Akhirnya ada juga judul buku yang saya hapal, wuih…bangganya) bertanya pada sebuah kuliah perdana. “Siapa diantara mahasiswa di sini yang pernah tinggal kelas?” Semua mahasiswa yang rata-rata adalah intelektual, sarjana dan pintar-pintar tidak ada yang menjawab. “Saya tanya lagi, siapa diantara mahasiswa di sini yang pernah tinggal kelas?” Desak Pak Professor.

Tiba-tiba seorang mahasiswa yang memang tampak goblok duduk di pojok, di atas bangku bobrok, berpenampilan seronok mengacungkan telunjuk tangannya yang berkuku jorok, “Saya Paaaak.”
” Ha, sudah saya duga, pasti kamu. Ayo ceritakan “. Tuntut Pak Professor yang ternyata sejak masuk ruang kuliah telah memperhatikan nyaris mencurigai mahasiwa dekil itu.

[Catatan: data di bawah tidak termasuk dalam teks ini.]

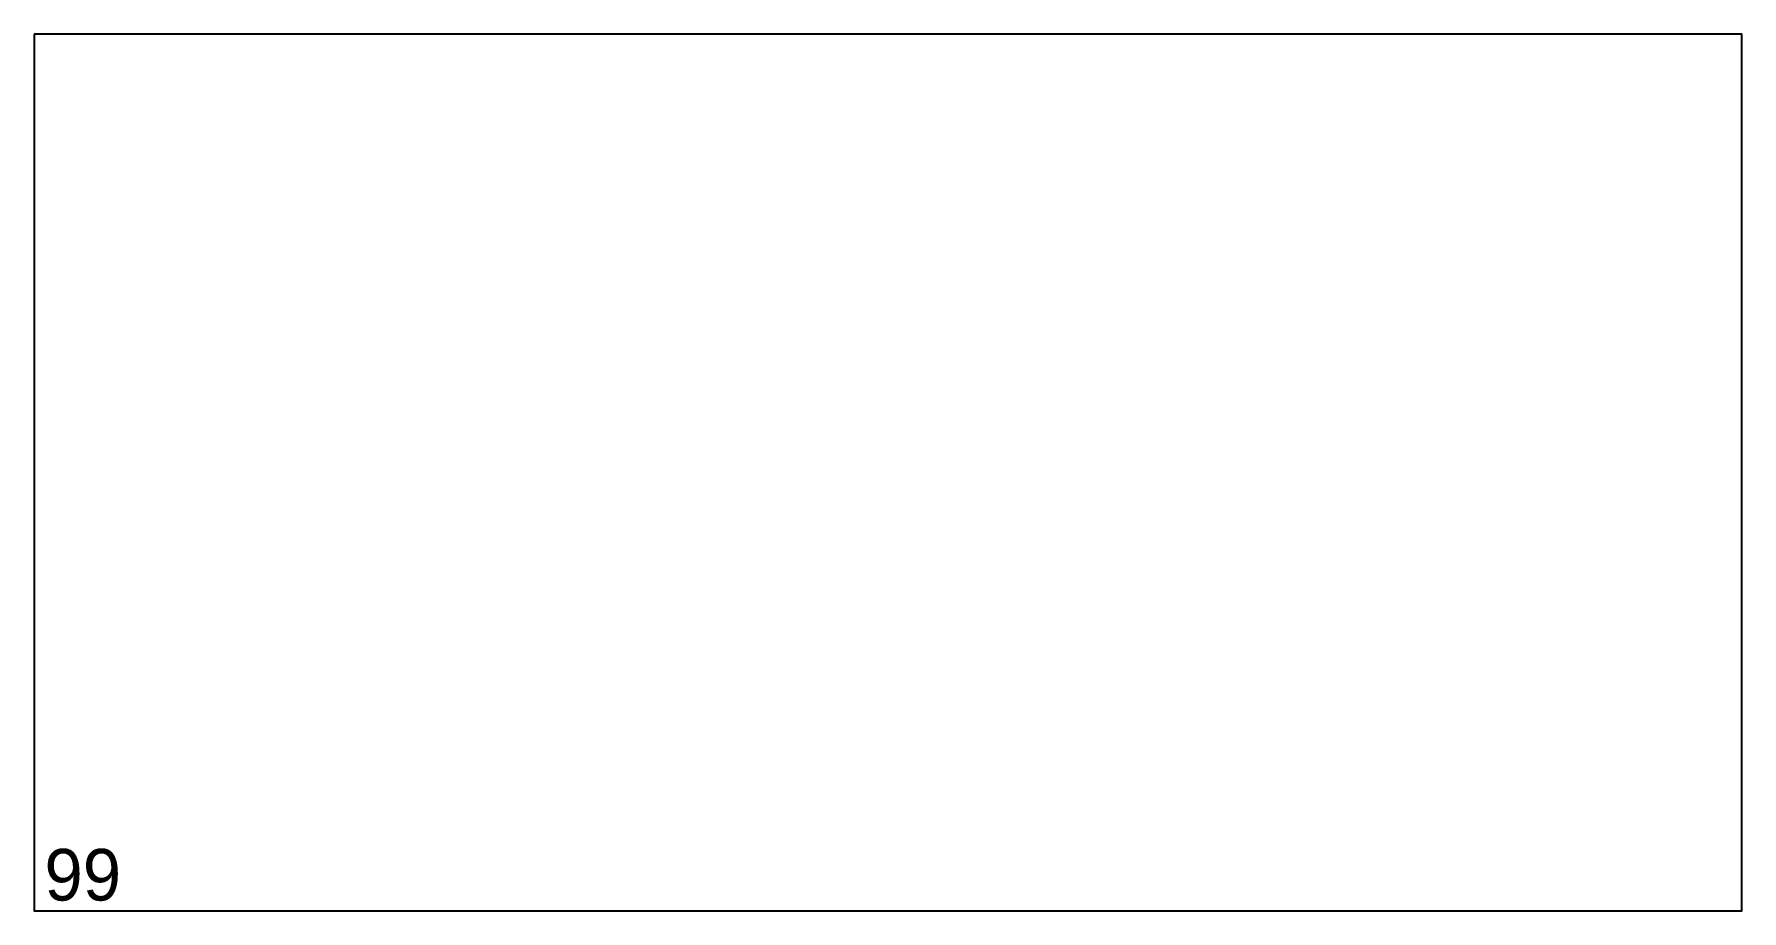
# Model space of a CAD drawing. Header units: millimetres. Extents: x 0 to 331, y 0 to 170.
import ezdxf

# ---------------------------------------------------------------- set-up
doc = ezdxf.new("R2010")
doc.units = ezdxf.units.MM
doc.header["$MEASUREMENT"] = 0
doc.layers.add('ВнешнийКонтур', color=7, linetype='Continuous')
doc.layers.add('Нумерация', color=7, linetype='Continuous')

msp = doc.modelspace()

# ---------------------------------------------------------------- linework, layer by layer
at = {"layer": 'ВнешнийКонтур', "color": 0, "linetype": 'Continuous'}
msp.add_lwpolyline([(0, 170), (0, 0), (331.32, 0), (331.32, 170)], close=True, dxfattribs=at)

# ---------------------------------------------------------------- texts
at = {"layer": 'Нумерация', "color": 0, "linetype": 'Continuous'}
msp.add_text('99', height=10, dxfattribs=at).set_placement((2, 2))

doc.saveas('drawing.dxf')

“Ya pak, saya pak…Saya 8 tahun pak, di SD Pak. 4 tahun pak di SMP pak. 3 tahun pak di SMA dan akhirnya setelah 8 tahun pak, akhirnya saya sukses memperoleh titel sarjana, Pak”. Kata mahasiswa itu
lantang namun terbata-bata. “Apa titel sarjanamu” balik Professor “S.Pd, Pak, sebenarnya sih atas bantuan sana sini pak, jadi Sarjana Pammaseang Dosen, pak” Kata sang mahasiswa menjelaskan.




” Hahahahahaha. ……benar- benar kamu memang bodoh, kamu benar-benar bodoh” Tawa professor terpingkal-pingkal, diikuti senyuman, tawa kecil dan gelak tawa seluruh mahasiswa di kelas itu.
“Ha..ha..ha. …uhuk.. uhuk..uhuk.

Ternyata di dalam kelas ini ada juga kawan saya, kawan yang sama-sama pernah tinggal kelas, sayapun pernah tinggal kelas namun saya tetap bisa jadi professor. Jadi jangan ragu
jadi orang bodoh, tetaplah konsisten jadi orang bodoh” Kata Pak Professor. Serta merta seluruh mahasiswa mengarahkan tatapannya ke saya yang tanpa sadar masih tetap mengacungkan tangan dan sedikit kebingungan, “wah..wah.. kok bisa yah ada dosen mengarahkan mahasiswanya untuk tetap membudayakan kebodohannya.. weleh..weleh…” gumamku dalam hati.

Wah alangkah bangganya saya, selain setingkat dengan professor juga punya kawan seorang professor.
Sering pula jika lagi ngumpul dengan teman-teman di warung kopi dan tiba-tiba melintas orang gila atau yang masih setengah waras, serta merta kawan-kawan saya nyelutuk, “Hei itu ada kawan kamu, pergi sana
temanin dia”. Wah bangganya saya, karena berkawan dengan siapa saja.

Orang bodoh selalu dimengerti. Jika anda masih memiliki rasa kasihan dan perikemanusiaan yang tinggi maka pasti akan selalu mengerti tingkah dan polah orang bodoh.

Seperti sekarang, jika setelah anda membaca tulisan ini kemudian tidak mengerti dan paham apa makna tulisan ini, maka mengerti dan maklumlah karena anda sementara membaca tulisan dan pendapat orang bodoh!